Second: Few understand how much it would benefit poor black people if all poor children were taught to read via a method stressing sounding words out, instead of “holistic” methods that teach kids to recognize words as whole chunks.

That sounds like an arcane pedagogical debate. Many will dismiss it as “reading wars” of the past. But that debate moved on to a feckless ambiguity, under which legions of teachers are still instructed that it is wrong to teach children to read by showing how to sound out words, despite that decade after decade, science has firmly shown that it works best, especially for kids from homes with few books.

This reality is something Trump should take up as one to deride as “Sad!!!” in his tweets. People who aren’t taught to read properly tend to struggle in school, with predictable results. I highly suspect Betsy DeVos, whatever her command of black educational history, could get behind a big push on this. She should be urged to.

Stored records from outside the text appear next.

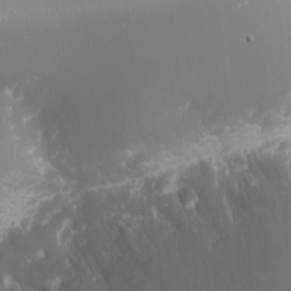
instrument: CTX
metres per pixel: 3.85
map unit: eHh
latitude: -1.1998
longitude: -80.1011
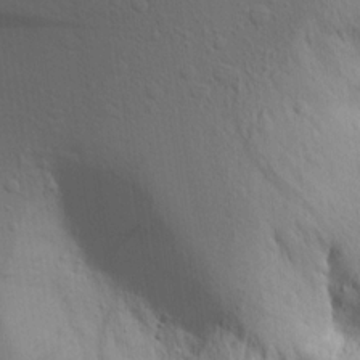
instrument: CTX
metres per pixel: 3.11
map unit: Aa
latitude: 15.6127
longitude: -143.2915
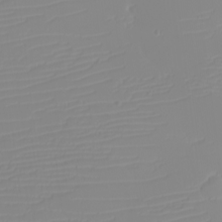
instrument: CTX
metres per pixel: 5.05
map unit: eHh
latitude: -6.0661
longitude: -84.6491
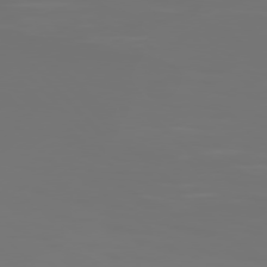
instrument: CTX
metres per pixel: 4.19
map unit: Hpe
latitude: 77.2348
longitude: -135.2537
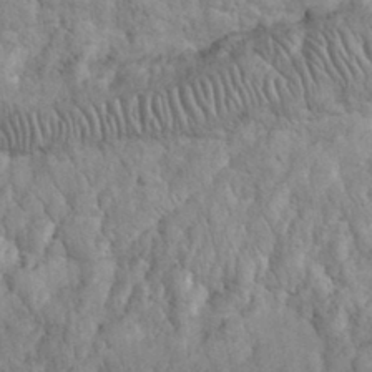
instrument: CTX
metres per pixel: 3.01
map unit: eHh
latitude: 32.3656
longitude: -66.1577
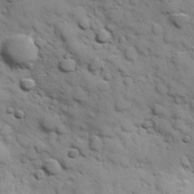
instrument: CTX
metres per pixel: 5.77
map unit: Hve
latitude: 24.2900
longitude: 147.5021
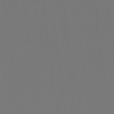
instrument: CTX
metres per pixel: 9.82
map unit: Htu
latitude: -13.7856
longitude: -47.8962
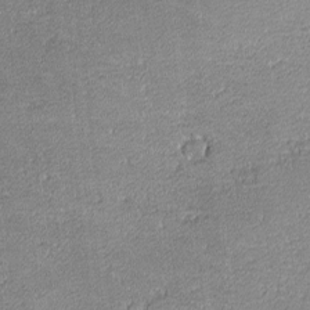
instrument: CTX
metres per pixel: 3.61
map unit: lHvf
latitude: -12.3873
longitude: -103.7827
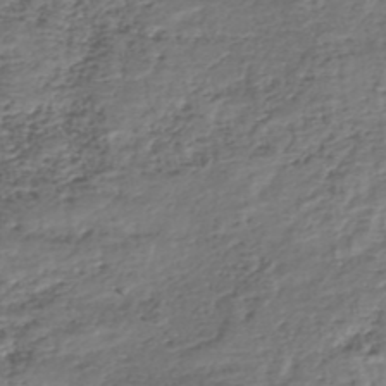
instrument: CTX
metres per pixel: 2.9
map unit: eHh
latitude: -39.5399
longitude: -29.1781
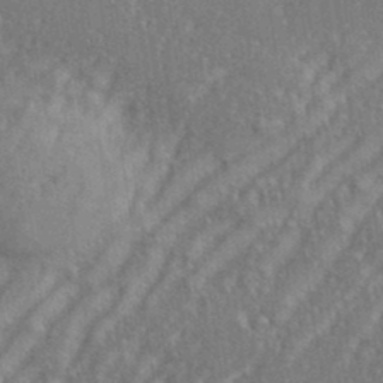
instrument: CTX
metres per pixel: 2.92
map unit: eHh
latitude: 35.1781
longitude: -133.7639
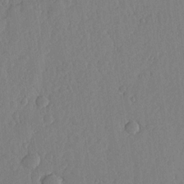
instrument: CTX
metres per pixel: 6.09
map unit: lHvf
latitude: 18.8569
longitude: -115.5182
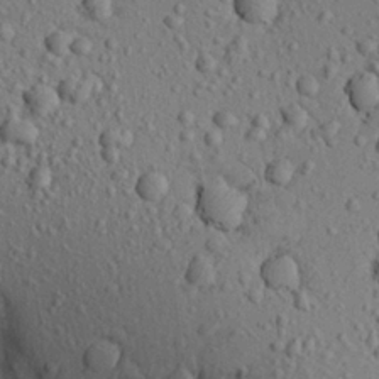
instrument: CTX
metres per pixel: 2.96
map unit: Aa
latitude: 22.5735
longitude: -139.8961
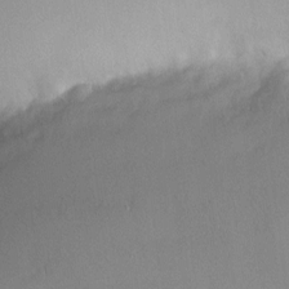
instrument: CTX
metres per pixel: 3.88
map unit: HNhu
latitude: 5.5938
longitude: 7.9556
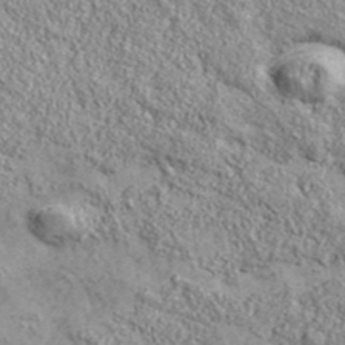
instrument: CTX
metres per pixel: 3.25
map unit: eHh
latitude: 43.0081
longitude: -88.7625

We are taught that all of America must learn to care about black people and black pain as a precondition to black poor people’s lives ever improving. But no civil rights activist in, say, 1960, had any illusion that change required that the Kennedys or Lyndon Johnson “felt” anything beyond a certain formulaic point. Things are no different now.

Trump wants to improve life in poor black America because he wants “law and order” and he supports the cops. “But what about our responsibility to call out racism wherever we …”Yes, I know. But how about this? On Trump, that job is done.

Now, let’s focus on the possibility that this man’s stated views and actions to come might be applicable to helping poor black people, whatever the state of his mind and heart. Racial progressivism, if genuinely about helping people rather than P.R. for ourselves, is not only idealistic but pragmatic.